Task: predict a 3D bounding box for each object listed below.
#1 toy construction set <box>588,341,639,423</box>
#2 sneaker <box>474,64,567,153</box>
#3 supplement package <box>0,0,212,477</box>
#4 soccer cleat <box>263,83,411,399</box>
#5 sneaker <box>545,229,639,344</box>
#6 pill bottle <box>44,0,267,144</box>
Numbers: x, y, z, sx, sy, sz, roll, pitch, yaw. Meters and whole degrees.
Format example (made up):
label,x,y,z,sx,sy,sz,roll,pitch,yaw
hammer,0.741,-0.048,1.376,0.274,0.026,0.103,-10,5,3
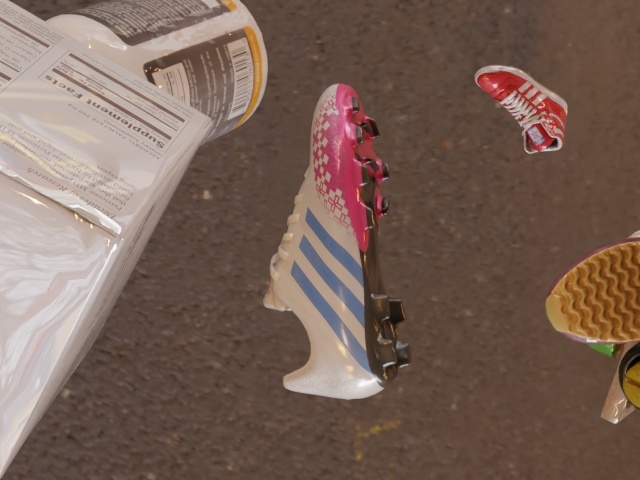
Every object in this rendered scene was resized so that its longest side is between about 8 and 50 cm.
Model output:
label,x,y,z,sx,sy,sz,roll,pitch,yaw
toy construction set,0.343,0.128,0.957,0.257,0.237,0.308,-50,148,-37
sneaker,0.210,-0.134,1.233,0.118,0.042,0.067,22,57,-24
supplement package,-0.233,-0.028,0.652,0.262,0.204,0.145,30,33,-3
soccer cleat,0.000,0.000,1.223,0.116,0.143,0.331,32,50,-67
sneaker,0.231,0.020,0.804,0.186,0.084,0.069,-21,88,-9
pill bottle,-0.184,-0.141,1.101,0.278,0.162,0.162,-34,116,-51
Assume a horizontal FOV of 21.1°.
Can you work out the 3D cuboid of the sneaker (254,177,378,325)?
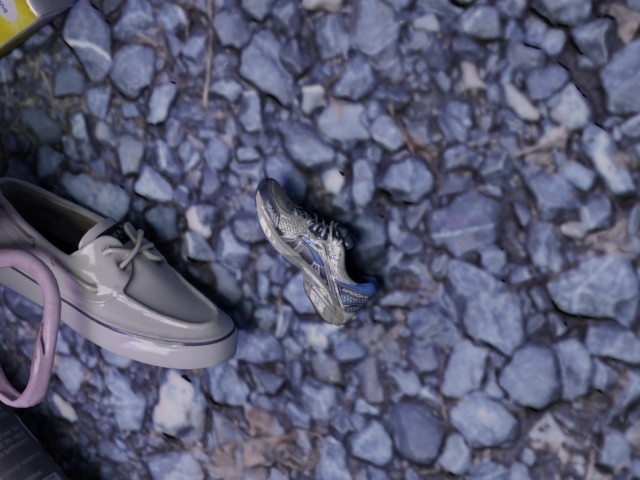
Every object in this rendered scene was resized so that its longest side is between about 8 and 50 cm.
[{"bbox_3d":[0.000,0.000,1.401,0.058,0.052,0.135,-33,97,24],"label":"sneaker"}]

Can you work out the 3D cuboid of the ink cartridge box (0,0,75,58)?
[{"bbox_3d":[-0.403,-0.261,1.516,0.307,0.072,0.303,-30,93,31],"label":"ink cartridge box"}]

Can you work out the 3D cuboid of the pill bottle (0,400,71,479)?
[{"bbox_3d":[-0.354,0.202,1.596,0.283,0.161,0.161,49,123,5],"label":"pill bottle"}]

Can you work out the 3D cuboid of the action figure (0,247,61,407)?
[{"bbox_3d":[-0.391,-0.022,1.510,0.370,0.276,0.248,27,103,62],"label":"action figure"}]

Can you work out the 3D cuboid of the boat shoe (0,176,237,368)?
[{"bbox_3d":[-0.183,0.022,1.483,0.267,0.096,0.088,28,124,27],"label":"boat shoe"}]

# REQUIREMENT:
Repeat the data in full and exactly. Omit pictures.

# TASK ANSWER:
Task: predict a 3D bounding box for each object listed below.
#1 toy construction set <box>588,341,639,423</box>
#2 sneaker <box>474,64,567,153</box>
#3 supplement package <box>0,0,212,477</box>
#4 soccer cleat <box>263,83,411,399</box>
#5 sneaker <box>545,229,639,344</box>
#6 pill bottle <box>44,0,267,144</box>
Numbers: x, y, z, sx, sy, sz, roll, pitch, yaw. Meters and whole degrees.
Format example (made up):
label,x,y,z,sx,sy,sz,roll,pitch,yaw
hammer,0.741,-0.048,1.376,0.274,0.026,0.103,-10,5,3
Every object in this rendered scene was resized so that its longest side is between about 8 and 50 cm.
Model output:
label,x,y,z,sx,sy,sz,roll,pitch,yaw
toy construction set,0.343,0.128,0.957,0.257,0.237,0.308,-50,148,-37
sneaker,0.210,-0.134,1.233,0.118,0.042,0.067,22,57,-24
supplement package,-0.233,-0.028,0.652,0.262,0.204,0.145,30,33,-3
soccer cleat,0.000,0.000,1.223,0.116,0.143,0.331,32,50,-67
sneaker,0.231,0.020,0.804,0.186,0.084,0.069,-21,88,-9
pill bottle,-0.184,-0.141,1.101,0.278,0.162,0.162,-34,116,-51
Assume a horizontal FOV of 21.1°.
Can you work out the 3D cuboid of the sneaker (254,177,378,325)?
Every object in this rendered scene was resized so that its longest side is between about 8 and 50 cm.
[{"bbox_3d":[0.000,0.000,1.401,0.058,0.052,0.135,-33,97,24],"label":"sneaker"}]

Can you work out the 3D cuboid of the ink cartridge box (0,0,75,58)?
[{"bbox_3d":[-0.403,-0.261,1.516,0.307,0.072,0.303,-30,93,31],"label":"ink cartridge box"}]

Can you work out the 3D cuboid of the pill bottle (0,400,71,479)?
[{"bbox_3d":[-0.354,0.202,1.596,0.283,0.161,0.161,49,123,5],"label":"pill bottle"}]

Can you work out the 3D cuboid of the action figure (0,247,61,407)?
[{"bbox_3d":[-0.391,-0.022,1.510,0.370,0.276,0.248,27,103,62],"label":"action figure"}]

Can you work out the 3D cuboid of the boat shoe (0,176,237,368)?
[{"bbox_3d":[-0.183,0.022,1.483,0.267,0.096,0.088,28,124,27],"label":"boat shoe"}]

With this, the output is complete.